Think of this post as a verbose migration constraint solver. We'll start with the ideal means of migration and gradually add constraints. Eventually, we'll arrive at the last resort and see how to work with it.

Master/Slave Replication

The most reliable and preferred way to handle a migration is with master/slave replication using SLAVEOF. All that is required is configuring the destination instance as a slave of your current production instance. Once the new database has caught up to production your application's Redis clients can be directed to the new database and the server can be promoted to master.

Process

Set the destination instance to be a slave of the source instance with SLAVEOF {SOURCE_HOST} {SOURCE_PORT}
Verify replication is current with INFO replication, it will say that the link is up and the last sync was 0 or more milliseconds ago
Change client URLs to point to the new server, reconnect clients
Promote the destination server to master with SLAVEOF NO ONE

Constraint

Use of SLAVEOF isn't allowed.

Lacking access to SLAVEOF eliminates replication outright. Any managed Redis provider worth their salt supplies replication with failover, making it impossible for you to control the master/slave status of your instance. Master servers can't be put into slave mode without killing the sentinels or other HA system controlling them, which certainly isn't possible with a cloud service.

RDB Snapshot

When replication isn't an option you can fall back to transferring the database dump persisted to disk. Even databases that aren't configured for periodic RDB persistence can trigger a dump to disk with either SAVE or BGSAVE, the asynchronous version. With the database dumped to disk it can be transfered to the new server or uploaded with a data migration tool.
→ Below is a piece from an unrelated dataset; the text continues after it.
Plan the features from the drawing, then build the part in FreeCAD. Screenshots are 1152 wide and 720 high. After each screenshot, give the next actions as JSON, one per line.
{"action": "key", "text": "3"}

One major caveat around snapshot loading is the exact timing that is used. Snapshots must be loaded when the Redis server is shut down. On reboot the Redis instance will load data from the dump. Any server that is configured to perform RDB persistence will automatically save to disk on shutdown. That means you must shut down the destination instance before overwriting the snapshot or it will be overwritten automatically during shutdown.

Process

Save the source database to disk with BGSAVE
Transfer the database to the target host with scp or rsync
Stop the destination Redis process
Overwrite the RDB dump, typically found at /var/lib/redis/dump.rdb
Start the process back up

Constraint

No access or mechanism to upload a RDB snapshot.

They don't have any way to upload a RDB dump file. Understandable, any cloud service provider doesn't want to grant you access to the underlying file-system. Still, some providers have interfaces that allow you to load a dump into the new instance.

Key by Key Migration

When bulk loading and replication aren't available you can try to migrate one key at a time with MIGRATE. The MIGRATE command atomically transfers a key from a source database to a destination database. By default this is a destructive action unless the COPY option is passed, it must be handled with care when pointed at a production instance.
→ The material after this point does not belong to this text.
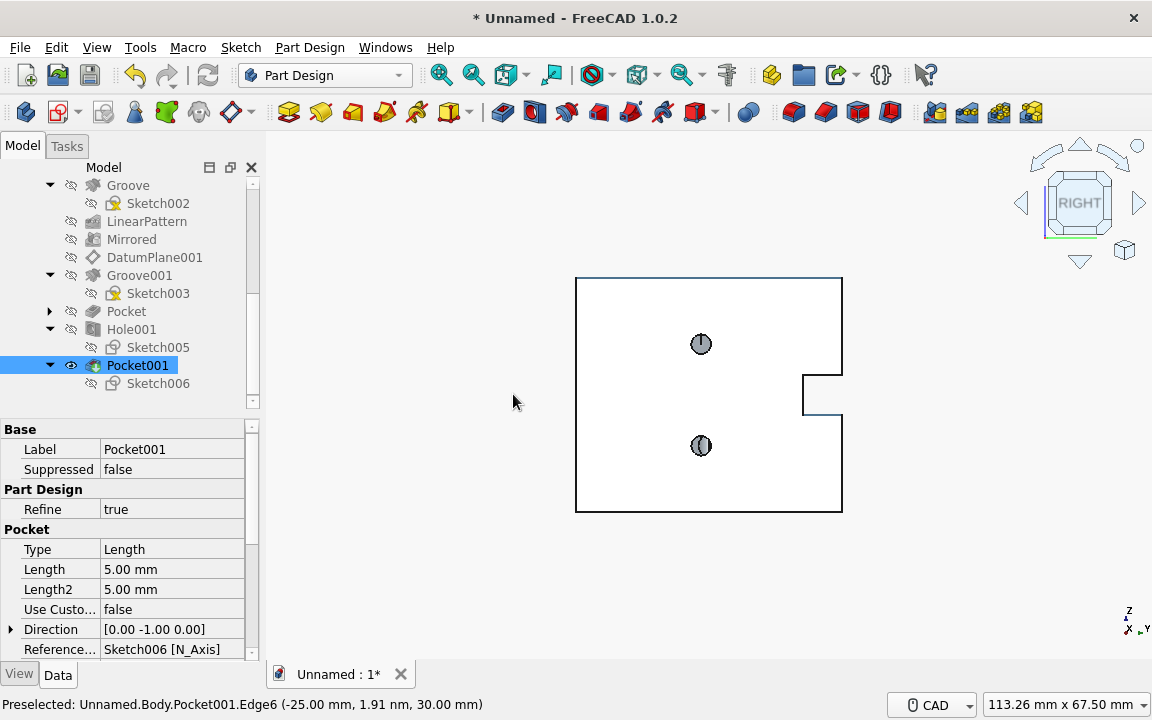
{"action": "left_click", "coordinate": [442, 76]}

Migration isn't automatic, it requires a script to iterate over all of the keys and call MIGRATE for every individual key.

Process

Connect to the source instance
Iterate over all keys with SCAN, or KEYS for smaller data sets
Run MIGRATE host port key destination-db timeout COPY for each key

Constraint

Authorization is enabled (thankfully), preventing MIGRATE.

MIGRATE can't be used if the target server requires authorization. There have been pull requests to allow authorization for MIGRATE commands, but it hasn't been merged in.

What Does That Leave?

Maybe one could use DUMP/RESTORE - why would one want to do that though?

— HippieLogLog (@itamarhaber)

When you eliminate all of the traditional, supported, recommended means of performing data migration what are you left with? The answer is DUMP and RESTORE. Internally MIGRATE uses DUMP on the source database and RESTORE on the target database. Those commands are available to any Redis client, no special privileges are necessary.

Process

Connect to the source instance
Connect to the destination instance
Iterate over all source keys with SCAN, or KEYS for smaller data sets
Call DUMP for each source key, which returns a serialized representation of the value
Call TTL for each source key to record the expiration
Call RESTORE key ttl value on the destination for each key

All of the same scripting work necessary to use MIGRATE is needed for dumping and restoring, along with the additional work of setting the TTL for each key that is restored. This should be your absolute last resort, let's hope you're never in the situation to actually use it.